654 words·~3 min read·/nj/title-14a/chapter-10/14a-10-11·

A research copy — for the controlling text, always check the official state or federal source. Not legal advice.

Sale or other disposition of assets other than in regular course of business.
(1)A sale, lease, exchange, or other disposition of all, or substantially all, the assets of a corporation, if not in the usual and regular course of its business as conducted by such corporation, may be made upon such terms and conditions and for such consideration, which may consist in whole or in part of money or property, real or personal, including shares, bonds, or other securities of any other corporation, domestic or foreign, as may be authorized in the following manner:
(a)The board shall recommend such sale, lease, exchange, or other disposition and direct that it be submitted to a vote at a meeting of shareholders.
(b)Written notice shall be given not less than 20 nor more than 60 days before such meeting to each shareholder of record, whether or not entitled to vote at such meeting, in the manner provided in this act for the giving of notice of meetings of shareholders. Such notice shall include, or shall be accompanied by
(i)a statement summarizing the principal terms of the proposed transaction; and
(ii)a statement informing shareholders who, under Chapter 11 of this act, are entitled to dissent, that they have the right to dissent and to be paid the fair value of their shares and outlining briefly, with particular reference to the time periods within which actions must be taken, the procedures set forth in Chapter 11 of this act with which they must comply in order to assert and enforce such right.

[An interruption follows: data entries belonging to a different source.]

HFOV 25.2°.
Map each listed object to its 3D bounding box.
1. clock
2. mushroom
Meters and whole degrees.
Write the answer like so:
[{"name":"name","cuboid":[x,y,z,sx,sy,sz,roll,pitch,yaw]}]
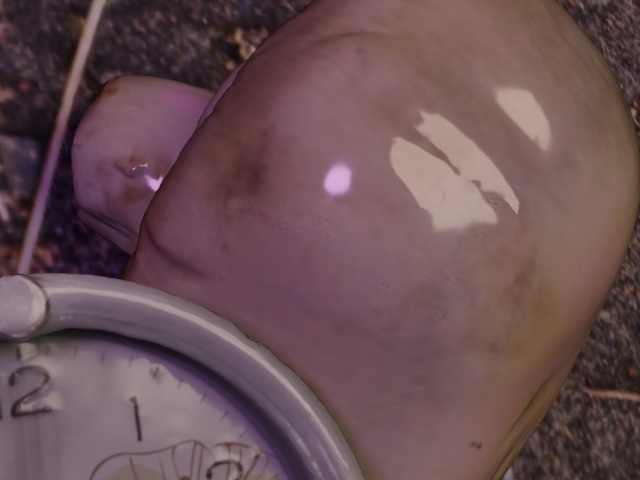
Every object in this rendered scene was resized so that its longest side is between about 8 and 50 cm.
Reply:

(c)At such meeting the shareholders may approve such sale, lease, exchange, or other disposition and may fix, or may authorize the board to fix, any or all of the terms and conditions thereof and the consideration to be received by the corporation therefor. Such sale, lease, exchange or other disposition shall be approved upon receiving the affirmative vote of a majority of the votes cast by the holders of shares entitled to vote thereon, and, in addition, if any class or series of shares is entitled to vote thereon as a class, the affirmative vote of a majority of the votes cast in each class vote; except that, in the case of a corporation organized prior to January 1, 1969, the sale, lease, exchange, or other disposition shall be approved upon receiving the affirmative vote of two-thirds of the votes so cast.
(d)Subject to the provisions of section 14A:5-12, a corporation organized prior to January 1, 1969, may adopt the majority voting requirements prescribed in paragraph 14A:10-11(1)(c) by an amendment of its certificate of incorporation adopted by the affirmative vote of two-thirds of the votes cast by the holders of shares entitled to vote thereon.
(2)Notwithstanding such approval or authorization by the shareholders, the board may abandon such sale, lease, exchange, or other disposition of assets, subject to the rights of third parties under any contracts relating thereto, without further action by the shareholders.
(3)The sale, lease, exchange, or other disposition of all, or substantially all, the assets of one or more subsidiaries of a corporation, if not in the usual and regular course of business as conducted by such subsidiary or subsidiaries, shall be treated as a disposition within the meaning of subsection 14A:10-11(1) if the subsidiary or subsidiaries constitute all, or substantially all, the assets of the corporation.
(4)Notwithstanding the provisions of subsection
(1)of this section, a parent corporation may, upon such terms and conditions and for such consideration as may be determined by its board, transfer any or all of its assets to any corporation, all of the outstanding shares of which are owned, directly or indirectly, by the parent corporation, and, unless the certificate of incorporation of the parent corporation otherwise requires, no approval or authorization by the shareholders of the parent corporation shall be required.
L.1968, c.350; amended 1973,c.366,s.58; 1988,c.94,s.61; 1995,c.279,s.16.